The activated steam passes through the process flow of overheating of the cooling section of the coke oven, the heat exchanger, the combustion furnace and the flue in sequence, the waste heat of the activated coke and the high-temperature flue gas are fully utilized, the heat utilization efficiency of the system is high, and the temperature of the activated steam can be controlled and adjusted by adjusting the flow of the cold ends of the combustion furnace and the heat exchange equipment.

(2) The raw material adaptability of the coke oven is good.

Aiming at different coal types and coke making process parameters, the temperature of a furnace passage and the activation temperature of the coke oven can be quickly adjusted, and the adaptability of raw materials is good.

(3) And after the pyrolysis gas and the water gas are purified and collected, the combustion can be controlled.

Pyrolysis gas separated out from the carbonization section and water gas separated out from the activation section are discharged from the coke oven after heat exchange, are collected after purification, are used for heating and activating steam and generating high-temperature flue gas, and are controllable in combustion, and the heat distribution of the system can be adjusted.

(4) The gas outlet of the coke-making furnace is provided with a gas treatment unit, which is beneficial to the safe operation of the combustion furnace.

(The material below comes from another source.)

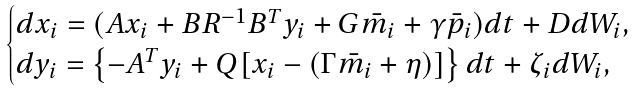Convert formula to latex. <formula><loc_0><loc_0><loc_500><loc_500>\begin{cases} d x _ { i } = ( A x _ { i } + B R ^ { - 1 } B ^ { T } y _ { i } + G \bar { m } _ { i } + \gamma \bar { p } _ { i } ) d t + D d W _ { i } , \\ d y _ { i } = \left \{ - A ^ { T } y _ { i } + Q [ x _ { i } - ( \Gamma \bar { m } _ { i } + \eta ) ] \right \} d t + \zeta _ { i } d W _ { i } , \end{cases}</formula>

Additional aspects and advantages of the invention will be set forth in part in the description which follows and, in part, will be obvious from the description, or may be learned by practice of the invention.

Drawings

The foregoing and/or additional aspects and advantages of the present invention will become apparent and readily appreciated from the following description of the embodiments, taken in conjunction with the accompanying drawings of which:

FIG. 1 is a front view schematically showing the structure of a vertical coke oven according to an embodiment of the present invention.

FIG. 2 is a simplified horizontal cross-sectional view of an activation section of a vertical coke oven according to one embodiment of the present invention.

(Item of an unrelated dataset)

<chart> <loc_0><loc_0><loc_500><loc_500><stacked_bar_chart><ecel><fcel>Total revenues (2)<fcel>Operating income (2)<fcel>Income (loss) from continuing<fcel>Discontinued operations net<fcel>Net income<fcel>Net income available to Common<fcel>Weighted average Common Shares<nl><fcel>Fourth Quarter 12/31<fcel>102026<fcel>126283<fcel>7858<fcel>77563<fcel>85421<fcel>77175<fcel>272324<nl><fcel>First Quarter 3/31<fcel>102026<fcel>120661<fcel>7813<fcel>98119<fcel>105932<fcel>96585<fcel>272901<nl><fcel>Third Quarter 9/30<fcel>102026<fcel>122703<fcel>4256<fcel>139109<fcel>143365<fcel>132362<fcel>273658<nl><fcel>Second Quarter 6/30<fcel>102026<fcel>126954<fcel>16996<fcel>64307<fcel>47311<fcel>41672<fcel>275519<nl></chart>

FIG. 3 is a schematic diagram of a coke making system according to one embodiment of the present invention.

Reference numerals:

1-coke oven preparation; 101-furnace body; 102-a carbonization section; 103-an activation section; 104-a cooling section; 105-a feedstock inlet; 106-gas outlet; 107-flue gas inlet; 108-flue gas outlet; 109-active coke outlet; 2-a washing tower; 3-electrical tar precipitator; 4-a combustible gas storage tank, 5-a first valve; 6-liquefied gas storage tank; 7-a combustion furnace; 8-a heat exchanger; 9-an air preheater; 10-a blower; 11-a chimney; 12-a water replenishing pump; 13-a recirculating cooling pump; 14-a process water tank; 15-a feed pump; 16-material channel, 17-oxygen supplement pipeline; 18-an activated steam grid; 19-a cooling tube; 20-an induced draft fan; 21-an air grille; 22-flue gas channel; 23-silicon carbide plate.

Detailed Description

Reference will now be made in detail to embodiments of the present invention, examples of which are illustrated in the accompanying drawings. The embodiments described below with reference to the accompanying drawings are illustrative and intended to explain the present invention and should not be construed as limiting the present invention.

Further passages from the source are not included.